## Instructions to follow
Filter this material down to the lines that hold "Bode", copying each one.

= = = = =

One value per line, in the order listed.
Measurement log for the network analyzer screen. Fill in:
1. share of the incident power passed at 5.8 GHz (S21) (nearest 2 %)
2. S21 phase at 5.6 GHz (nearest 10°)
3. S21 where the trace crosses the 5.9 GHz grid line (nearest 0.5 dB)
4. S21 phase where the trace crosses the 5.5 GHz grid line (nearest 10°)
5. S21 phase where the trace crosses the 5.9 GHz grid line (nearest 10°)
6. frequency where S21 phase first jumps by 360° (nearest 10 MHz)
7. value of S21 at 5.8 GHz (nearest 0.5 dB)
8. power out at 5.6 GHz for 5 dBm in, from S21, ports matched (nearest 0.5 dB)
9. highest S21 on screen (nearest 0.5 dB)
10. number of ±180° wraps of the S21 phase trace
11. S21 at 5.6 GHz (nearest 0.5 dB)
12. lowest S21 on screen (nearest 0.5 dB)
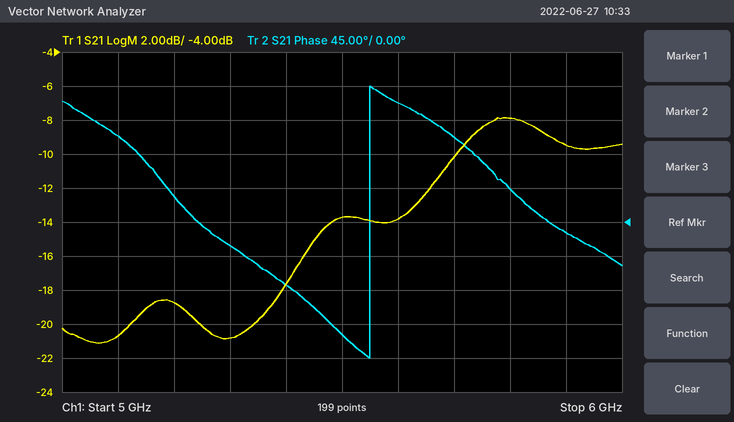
16 %
160°
-9.5 dB
-150°
-10°
5.55 GHz
-8.0 dB
-9.0 dBm
-8.0 dB
1
-14.0 dB
-21.0 dB
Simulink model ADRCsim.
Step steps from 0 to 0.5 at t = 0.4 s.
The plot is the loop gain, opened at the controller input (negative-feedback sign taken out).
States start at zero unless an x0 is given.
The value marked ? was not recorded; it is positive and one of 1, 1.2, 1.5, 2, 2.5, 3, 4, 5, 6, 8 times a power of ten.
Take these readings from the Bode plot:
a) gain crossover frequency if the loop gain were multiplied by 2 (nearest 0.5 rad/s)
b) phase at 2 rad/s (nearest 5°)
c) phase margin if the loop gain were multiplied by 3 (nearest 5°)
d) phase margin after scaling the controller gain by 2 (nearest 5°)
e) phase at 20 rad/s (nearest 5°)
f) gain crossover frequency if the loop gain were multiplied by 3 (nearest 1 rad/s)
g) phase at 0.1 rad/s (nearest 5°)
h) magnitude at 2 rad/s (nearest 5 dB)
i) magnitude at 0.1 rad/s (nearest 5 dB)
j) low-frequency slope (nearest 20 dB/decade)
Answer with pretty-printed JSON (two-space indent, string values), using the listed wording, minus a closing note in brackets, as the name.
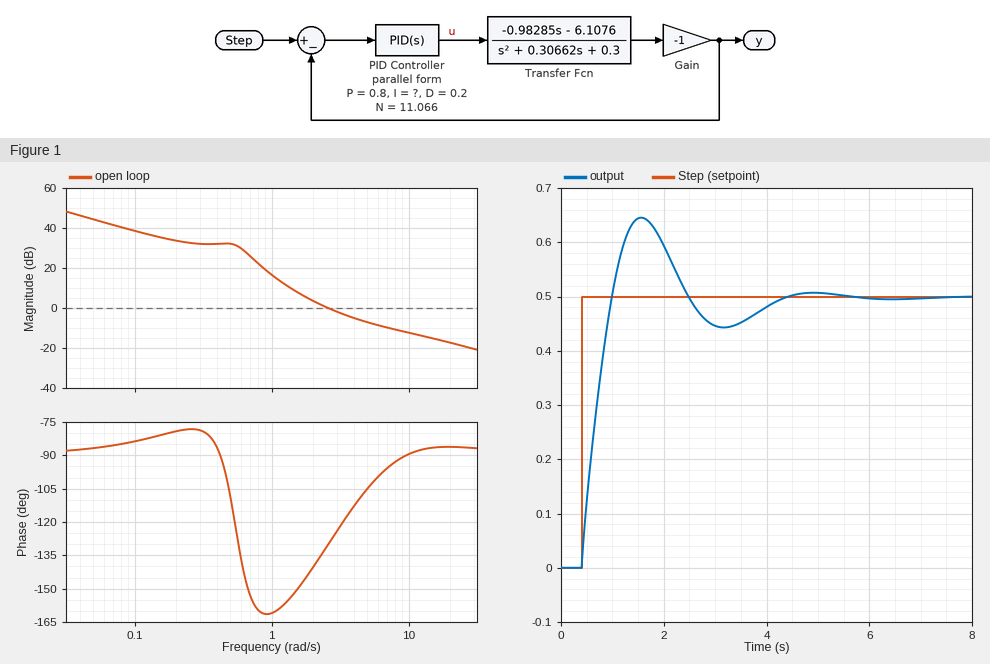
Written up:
{
  "gain crossover frequency if the loop gain were multiplied by 2": "4.5 rad/s",
  "phase at 2 rad/s": "-140°",
  "phase margin if the loop gain were multiplied by 3": "85°",
  "phase margin after scaling the controller gain by 2": "70°",
  "phase at 20 rad/s": "-85°",
  "gain crossover frequency if the loop gain were multiplied by 3": "7 rad/s",
  "phase at 0.1 rad/s": "-85°",
  "magnitude at 2 rad/s": "5 dB",
  "magnitude at 0.1 rad/s": "40 dB",
  "low-frequency slope": "-20 dB/decade"
}
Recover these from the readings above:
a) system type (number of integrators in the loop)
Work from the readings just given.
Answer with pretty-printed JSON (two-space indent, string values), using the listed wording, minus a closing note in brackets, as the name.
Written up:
{
  "system type": "1"
}
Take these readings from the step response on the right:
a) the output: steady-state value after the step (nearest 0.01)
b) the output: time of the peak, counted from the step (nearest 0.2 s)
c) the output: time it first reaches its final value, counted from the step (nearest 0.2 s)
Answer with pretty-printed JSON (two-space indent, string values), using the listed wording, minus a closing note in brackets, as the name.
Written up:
{
  "the output: steady-state value after the step": "0.50",
  "the output: time of the peak, counted from the step": "1.2 s",
  "the output: time it first reaches its final value, counted from the step": "0.6 s"
}
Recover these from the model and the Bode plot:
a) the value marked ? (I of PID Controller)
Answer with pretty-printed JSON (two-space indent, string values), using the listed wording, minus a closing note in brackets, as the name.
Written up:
{
  "the value marked ?": "0.4"
}
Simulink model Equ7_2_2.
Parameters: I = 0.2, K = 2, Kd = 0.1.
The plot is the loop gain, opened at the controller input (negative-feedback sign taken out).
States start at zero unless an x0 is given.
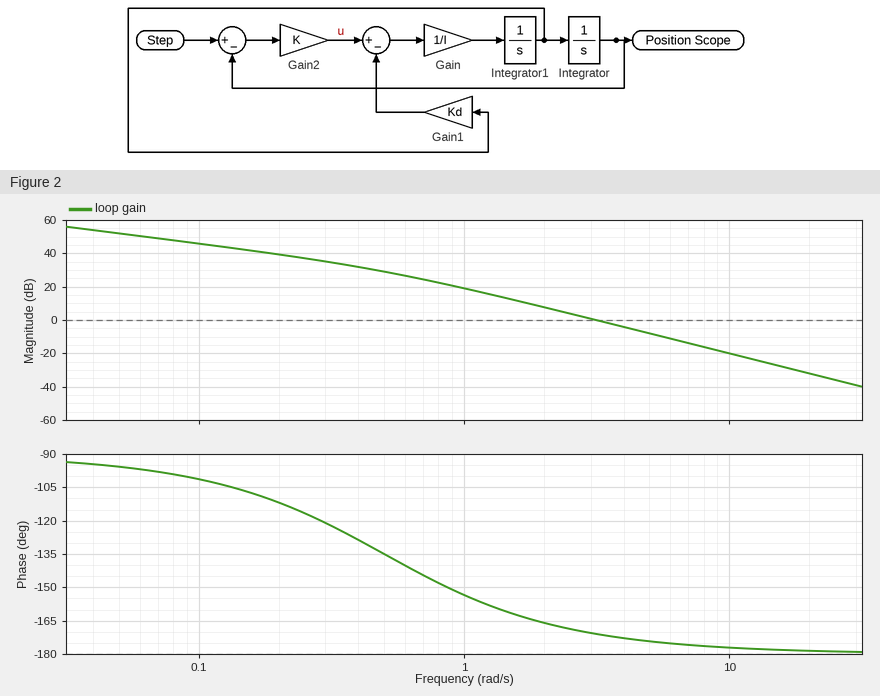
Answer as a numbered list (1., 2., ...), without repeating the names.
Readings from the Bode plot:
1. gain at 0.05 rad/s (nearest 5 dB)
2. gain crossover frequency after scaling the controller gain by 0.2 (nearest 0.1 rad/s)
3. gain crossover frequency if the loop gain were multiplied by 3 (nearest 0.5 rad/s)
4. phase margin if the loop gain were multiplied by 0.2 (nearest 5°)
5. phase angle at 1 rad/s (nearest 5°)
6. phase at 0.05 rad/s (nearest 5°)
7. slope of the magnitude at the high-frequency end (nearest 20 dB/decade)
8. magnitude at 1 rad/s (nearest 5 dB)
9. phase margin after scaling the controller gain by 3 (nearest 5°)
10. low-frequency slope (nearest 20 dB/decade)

1. 50 dB
2. 1.4 rad/s
3. 5.5 rad/s
4. 20°
5. -155°
6. -95°
7. -40 dB/decade
8. 20 dB
9. 5°
10. -20 dB/decade
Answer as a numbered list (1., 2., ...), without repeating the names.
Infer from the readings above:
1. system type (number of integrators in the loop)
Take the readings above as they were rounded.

1. 1
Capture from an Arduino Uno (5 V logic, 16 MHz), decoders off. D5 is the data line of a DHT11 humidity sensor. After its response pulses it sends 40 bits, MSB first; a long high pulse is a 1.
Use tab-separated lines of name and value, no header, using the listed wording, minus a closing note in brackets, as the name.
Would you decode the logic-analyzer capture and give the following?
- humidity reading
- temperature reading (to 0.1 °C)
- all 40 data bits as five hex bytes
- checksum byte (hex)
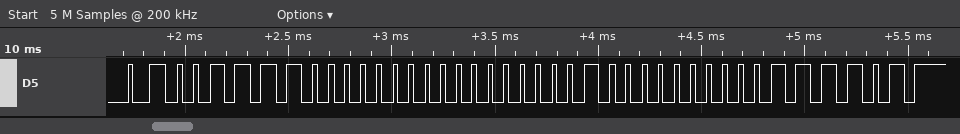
humidity reading	60 %
temperature reading	1.0 °C
all 40 data bits as five hex bytes	3C 00 01 00 3D
checksum byte	0x3D

= = = = =

## Exercise output
Take these readings from the Bode plot:
Recover these from the model and the Bode plot:
Readings from the Bode plot:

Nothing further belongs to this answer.